Why Catholic Church discourages contraceptives?
Whenever there is an interest of offering family planning services to adolescents by civil societies a section of religious leaders especially the Catholic leaders raise a stern refusal to such plans. Recently when such a proposal was being discussed, even officials from the Ministry of Education asked for wider consultation with all stakeholders, especially the religious leaders. Surely religious leaders have a big influence of the matters of education to life and matters involving conscience.
In matters of love, relationship, sex and marriage Jesus often taught extreme things. For him true love is something that hurts. If love does not cause pain and stretch the lover, it is not love at all. One of his familiar saying is, “no one can have greater love, than to lay down one’s life for his friends.” Only in dying we understand the real meaning and the depth of love. He shocked his listeners by declaring that divorce and remarriage constitute adultery (Mk 10:1-12). Catholic Church looks at contraceptives as something that compromises true love. It compromises on self-giving, sacrifice, and being fruitful in love.

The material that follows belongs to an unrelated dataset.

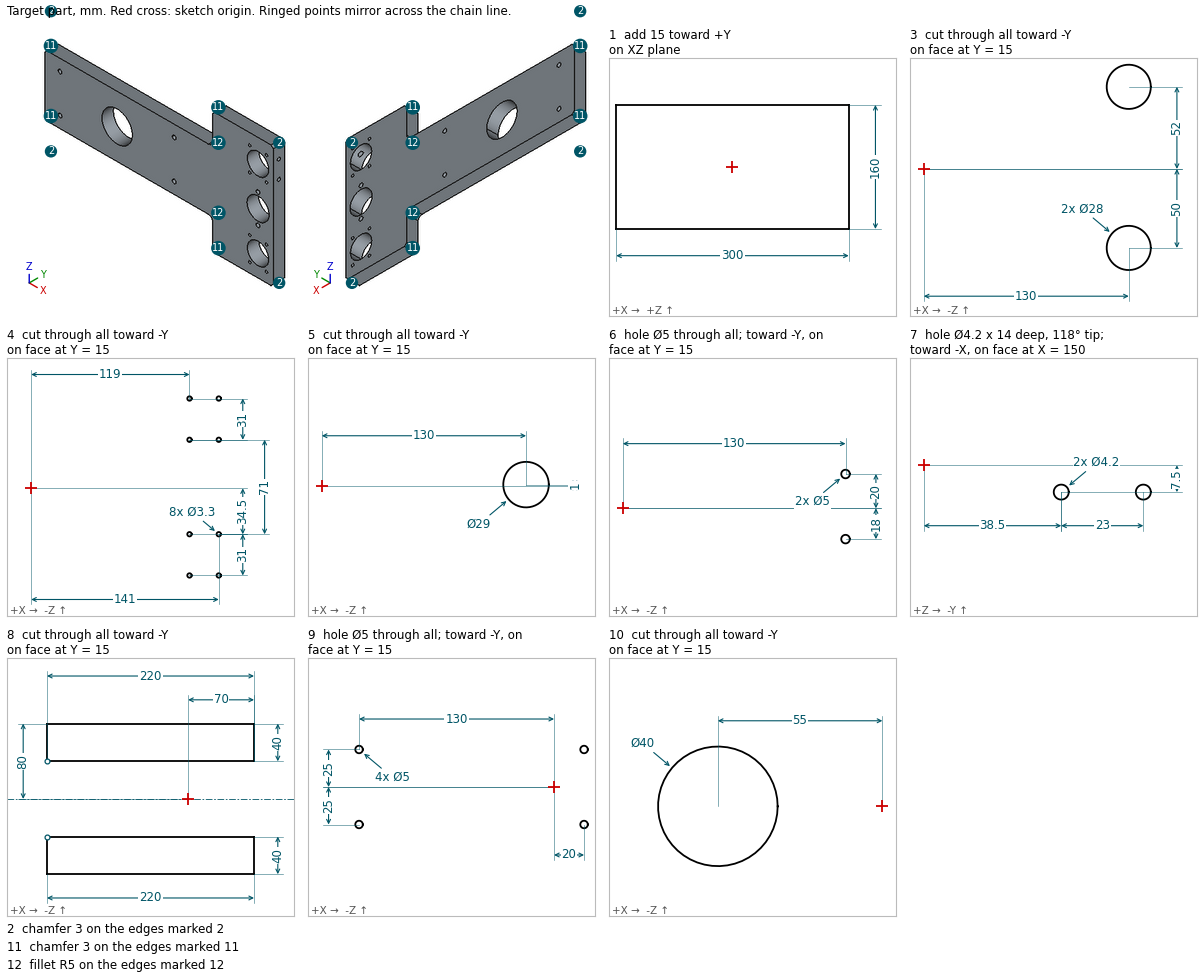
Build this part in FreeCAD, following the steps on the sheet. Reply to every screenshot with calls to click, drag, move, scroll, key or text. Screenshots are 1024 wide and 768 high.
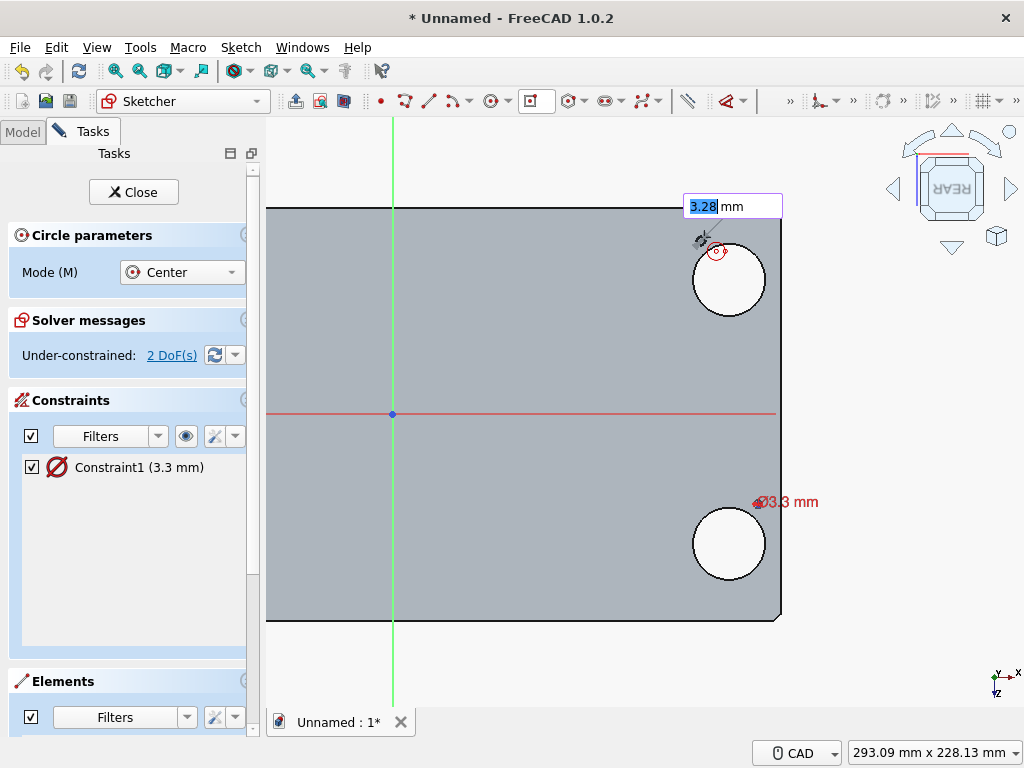
text(3.3)
key(Return)

For centuries, having inspired by a biblical text in the book of Genesis, that it is sin to “spill the seed of life,” Christianity as a whole prohibited any form of contraception because it considered any act that stood in the way of pregnancy an affront to “God’s design.” But in 1930 the Anglican Church endorsed the use of contraceptives, but advised its Christians to use them in the “light of Christian principles” but did not give more light on the teaching.

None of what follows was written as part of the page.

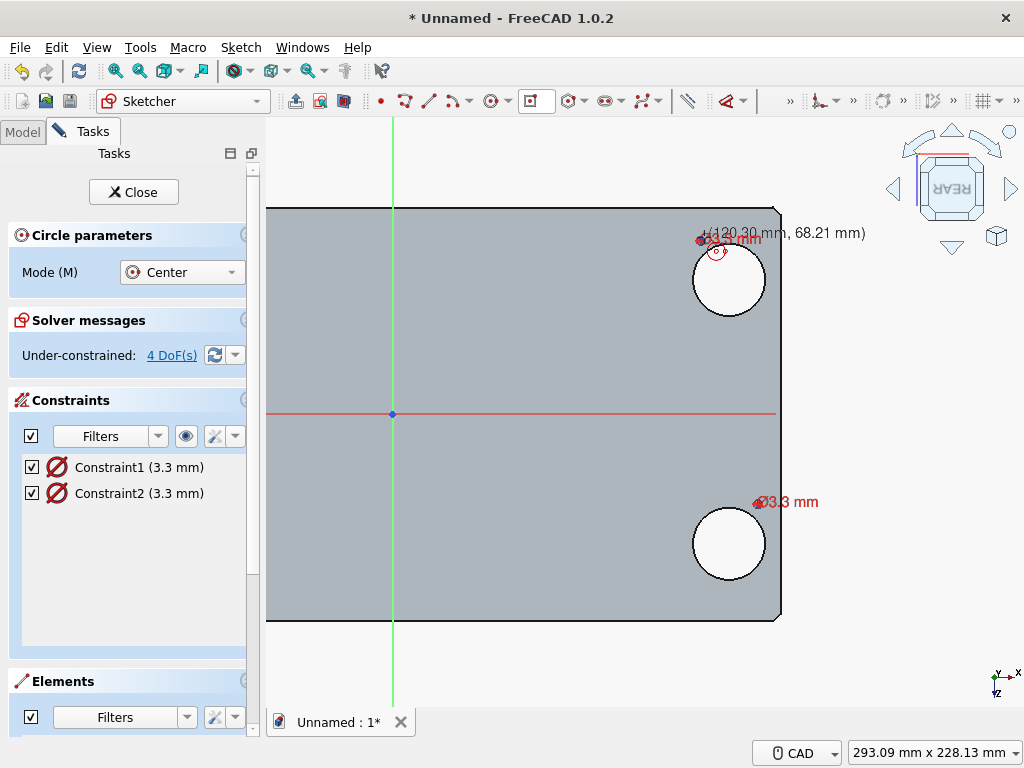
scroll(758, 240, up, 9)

In 1968, when the famous Pill commonly came in use, after several arguments, Pope Paul VI sent out an encyclical entitled Humanae vitae, Latin for “Human life” giving clear teaching on the use of contraceptives. The letter served to uphold the Church’s orthodox views on marriage, “married love,” and birth control. In it, he wrote that abortion, even for “therapeutic” means, was totally out of the question, as was sterilization, whether temporary or permanent.
In article no. 14 the document says, “…every action which, either in anticipation of the conjugal act, or in its accomplishment, or in the development of its natural consequences, proposes, whether as an end or as a means, to render procreation impossible”. Such unnatural forms include the Pill, the intrauterine device, foams, diaphragms, condoms, withdrawal, mutual or solitary masturbation and sodomistic practices. On the other hand, the Church always upholds the values of total self-giving of married couple to each other and the practice of conjugal chastity. That is, being pure in body, mind and soul and totally faithful to each other without any reservation.
The Catholic Church strongly believes that human sexuality is sacred and it should be open to life and not merely for pleasure. It believes that merely self-seeking pleasure is hedonistic—inhuman and ungodly. This way of self-gratification is against Christian Charity. Because the foundation of Christian moral the human person. Self-gratification merely objectifies the human person that should be avoided.
Concerned religious leaders always insist that introducing artificial family planning especially to adolescents introducing them to unhealthy practices of human sexuality, demeaning the sacredness of sex and indirectly (or directly) introducing them to many sexual vices.
Catholic Church is never against sex within the sacred matrimony, but it believes that suppressing fertility by using contraception denies part of the inherent meaning of married sexuality and does harm to the couple’s unity. But the Church always supports and educates married couple the Natural Family Planning which surely calls for self-discipline, personal sacrifice, and mutual love and concern on the part of each partner.
In the matter of contraceptives, the Church’s teaching is not only about observing a rule, but about preserving the total, mutual gift of two persons in its integrity. Only by doing this man and women reach full maturity in life and love.